Solto, certamente o ex-presidente continuará eloquente, mas agora com o potencial de aprofundar ainda mais a polarização que machuca o Brasil
Solto, certamente o ex-presidente continuará eloquente, mas agora com o potencial de aprofundar ainda mais a polarização que machuca o Brasil. Para os radicais da direita, a volta de Lula ao cenário pode funcionar como a senha para que alardeiem de forma mais estridente os perigos de uma suposta ameaça vermelha. Neste momento, parece que muito mais do que a esquerda, ainda fragmentada e personalista, é o outro lado do espectro ideológico que se alimenta da figura controversa de Lula.
Grande parte do que o Brasil vai viver daqui para a frente dependerá do tom imprimido por Lula nos próximos dias, que certamente será repetido por seus seguidores. Se mantiver a toada radical, dará um grande impulso à intolerância e ao extremismo, que continuarão sendo protagonistas de um quadro de degradação das relações sociais no Brasil. A primeira amostra, ainda na sexta-feira, logo após sair da prisão, não foi das melhores. Os ataques à Lava-Jato e as provocações ao presidente Jair Bolsonaro indicam uma postura beligerante.

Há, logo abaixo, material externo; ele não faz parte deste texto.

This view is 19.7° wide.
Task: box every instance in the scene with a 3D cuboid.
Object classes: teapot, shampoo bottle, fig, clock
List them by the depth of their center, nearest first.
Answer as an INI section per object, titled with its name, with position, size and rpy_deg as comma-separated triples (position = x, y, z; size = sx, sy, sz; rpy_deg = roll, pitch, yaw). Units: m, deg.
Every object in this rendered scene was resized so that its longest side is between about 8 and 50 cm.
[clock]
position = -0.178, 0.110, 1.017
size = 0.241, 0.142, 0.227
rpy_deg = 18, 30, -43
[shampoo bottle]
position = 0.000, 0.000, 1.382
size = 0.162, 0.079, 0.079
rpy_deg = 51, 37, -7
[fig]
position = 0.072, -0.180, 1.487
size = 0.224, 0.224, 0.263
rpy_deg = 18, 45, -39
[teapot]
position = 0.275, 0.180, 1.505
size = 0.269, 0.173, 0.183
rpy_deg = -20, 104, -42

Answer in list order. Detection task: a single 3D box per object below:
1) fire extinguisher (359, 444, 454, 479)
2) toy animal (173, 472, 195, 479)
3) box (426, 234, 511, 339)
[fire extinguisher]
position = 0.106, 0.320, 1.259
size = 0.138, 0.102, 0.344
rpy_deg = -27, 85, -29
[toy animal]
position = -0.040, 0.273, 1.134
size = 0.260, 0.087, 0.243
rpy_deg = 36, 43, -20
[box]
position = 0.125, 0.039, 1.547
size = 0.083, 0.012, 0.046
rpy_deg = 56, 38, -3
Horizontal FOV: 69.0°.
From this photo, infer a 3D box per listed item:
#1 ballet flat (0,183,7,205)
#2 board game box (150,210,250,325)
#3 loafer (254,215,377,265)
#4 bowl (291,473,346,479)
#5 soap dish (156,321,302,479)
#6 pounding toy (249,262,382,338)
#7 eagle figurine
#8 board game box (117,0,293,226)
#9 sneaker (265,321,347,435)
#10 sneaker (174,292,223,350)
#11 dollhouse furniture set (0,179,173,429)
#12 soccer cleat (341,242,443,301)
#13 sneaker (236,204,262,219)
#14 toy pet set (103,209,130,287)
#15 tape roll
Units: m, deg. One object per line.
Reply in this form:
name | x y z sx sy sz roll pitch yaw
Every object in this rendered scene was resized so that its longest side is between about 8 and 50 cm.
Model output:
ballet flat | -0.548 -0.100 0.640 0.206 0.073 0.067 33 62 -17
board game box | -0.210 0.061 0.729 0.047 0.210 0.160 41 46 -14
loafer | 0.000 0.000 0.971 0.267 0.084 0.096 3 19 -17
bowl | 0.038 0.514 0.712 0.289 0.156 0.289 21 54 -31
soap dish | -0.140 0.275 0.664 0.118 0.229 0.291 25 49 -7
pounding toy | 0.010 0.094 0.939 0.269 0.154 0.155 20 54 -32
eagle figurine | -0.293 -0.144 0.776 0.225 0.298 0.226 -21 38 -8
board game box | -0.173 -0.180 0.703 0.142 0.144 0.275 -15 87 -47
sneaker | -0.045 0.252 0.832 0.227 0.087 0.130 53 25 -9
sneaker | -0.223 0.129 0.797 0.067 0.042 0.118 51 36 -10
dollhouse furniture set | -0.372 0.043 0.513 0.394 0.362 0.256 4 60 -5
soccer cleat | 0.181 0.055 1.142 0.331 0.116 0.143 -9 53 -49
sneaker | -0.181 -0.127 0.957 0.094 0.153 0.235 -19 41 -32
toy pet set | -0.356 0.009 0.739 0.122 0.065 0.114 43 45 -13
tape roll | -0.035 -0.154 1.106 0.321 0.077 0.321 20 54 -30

Precisa ainda ser analisada a questão de fundo. A posição do STF na quinta-feira, que beneficiou Lula, foi a reversão da interpretação da mais alta corte do país sobre o tema da prisão após a condenação em segunda instância, apenas três anos depois de firmar entendimento diferente. Há convicção generalizada de que o Supremo cedeu ao casuísmo, levando à soltura de Lula, condenado por corrupção e lavagem de dinheiro. A decisão produzirá consequências que vão muito além da possibilidade imediata de milhares de criminosos sentenciados voltarem às ruas.
É cristalino que a deliberação do Supremo, com placar apertado de 6 a 5, vai amparar essencialmente os condenados que têm amplas reservas financeiras para pagar os melhores advogados do Brasil e levar os seus recursos para a última instância. Contam com a possibilidade de protelação inerente ao cipoal do sistema recursal brasileiro e, quem sabe, até com a prescrição dos casos, para livrar seus clientes da cadeia. Neste grupo, claro, estão incluídos empreiteiros, doleiros e políticos denunciados pela Lava-Jato. O veredito do STF, portanto, tem infelizmente o condão de reavivar a percepção de que o Brasil é o país onde impera a impunidade.